Pieds et tête nus, dans une robe blanche toute simple, elle se tenait debout devant le trône, son gros chat dans les bras.
« Je me demande si tu as bien fait d'adopter ce chat », commença par dire Turgon. « Après tout, on ne sait pas d'où il vient...»
« Mais il m'occupe, quand mes dames de compagnie ne sont pas là. »
« Bon... Si je t'ai fait venir ici, c'est pour que tu vois cette nouvelle robe que j'ai faite confectionner pour toi. La plupart du temps, on dirait que tu te promènes en chemise de nuit ! Ce n'est pas convenable, pour une fille de roi... »
« Je veux bien une nouvelle robe », répondit candidement Idril, « mais je ne veux pas de nouvelles chaussures ! »
« Bien bien... De toute façon, je ne suis pas prêt de t'en offrir d'autres... Mais cette robe devrait te plaire. Elle est confortable tout en étant assez travaillée. »
D'un geste, le roi demanda au couturier de la sortir de sa malle. C'était une robe bleue couverte de broderies sur lesquelles étaient cousus des diamants. L'elfe n'eut aucun mal à la faire essayer à Idril, par dessus son autre robe.
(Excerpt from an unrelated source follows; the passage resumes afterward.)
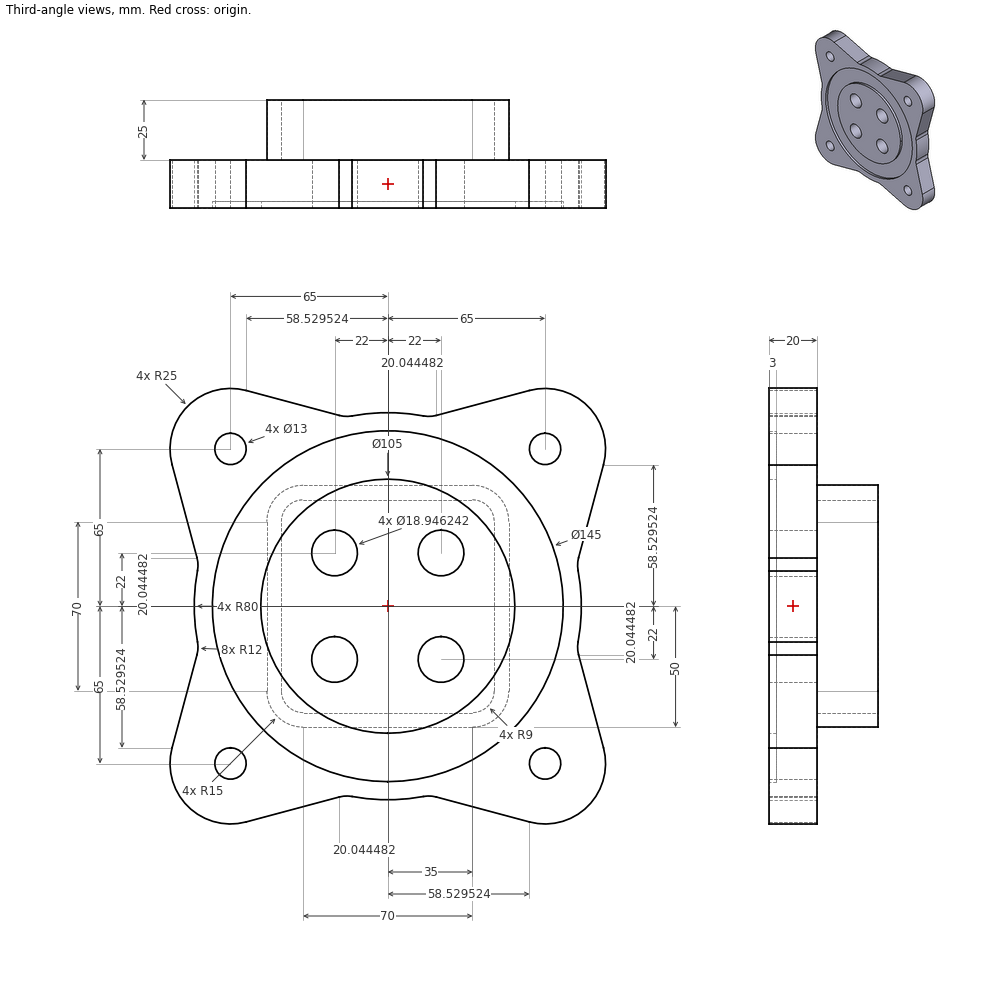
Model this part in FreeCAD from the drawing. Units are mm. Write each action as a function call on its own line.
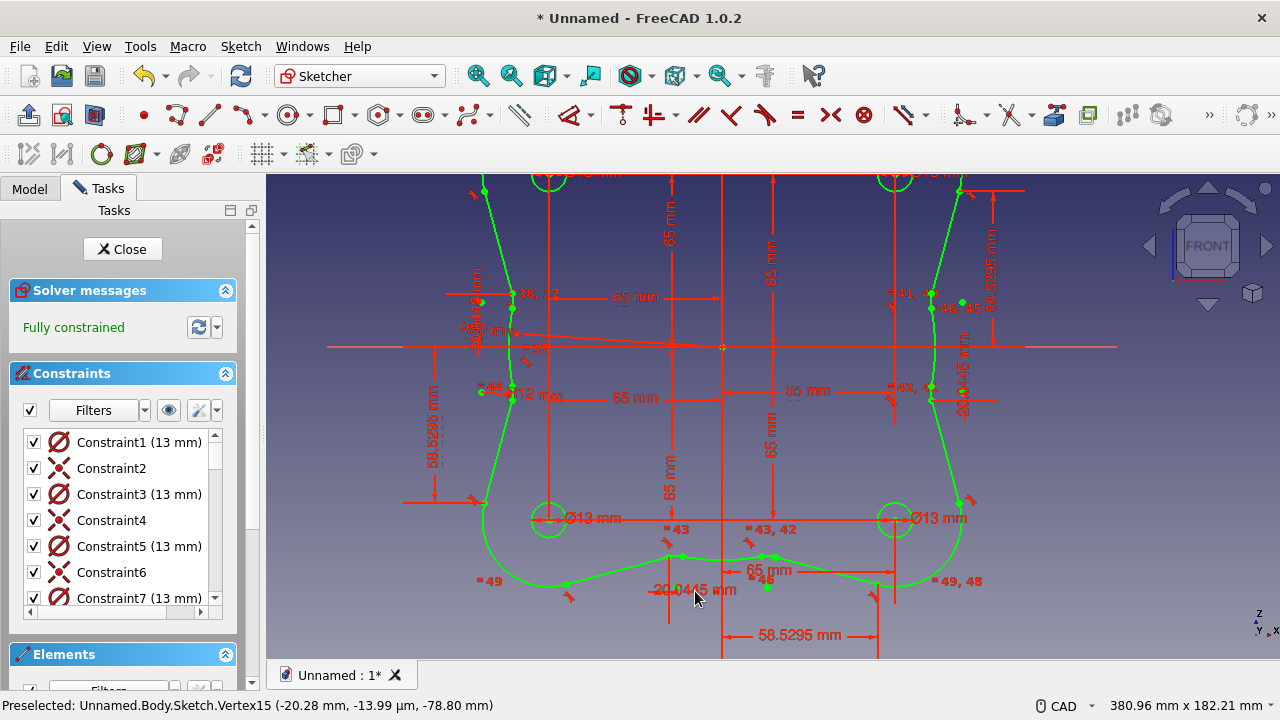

La voyant soudainement ainsi parée, ses longs cheveux blonds gaufrés tombant sur le tissu miroitant de blanc et d'argent, Turgon eut presque la larme à l'oeil.
« Elle te va très bien », approuva-t-il. « Tu es très belle... Comme ta maman. »
« C'est reparti », dit Egalmoth.
Une heure plus tard, lui et Galdor déambulaient dans les couloirs du palais.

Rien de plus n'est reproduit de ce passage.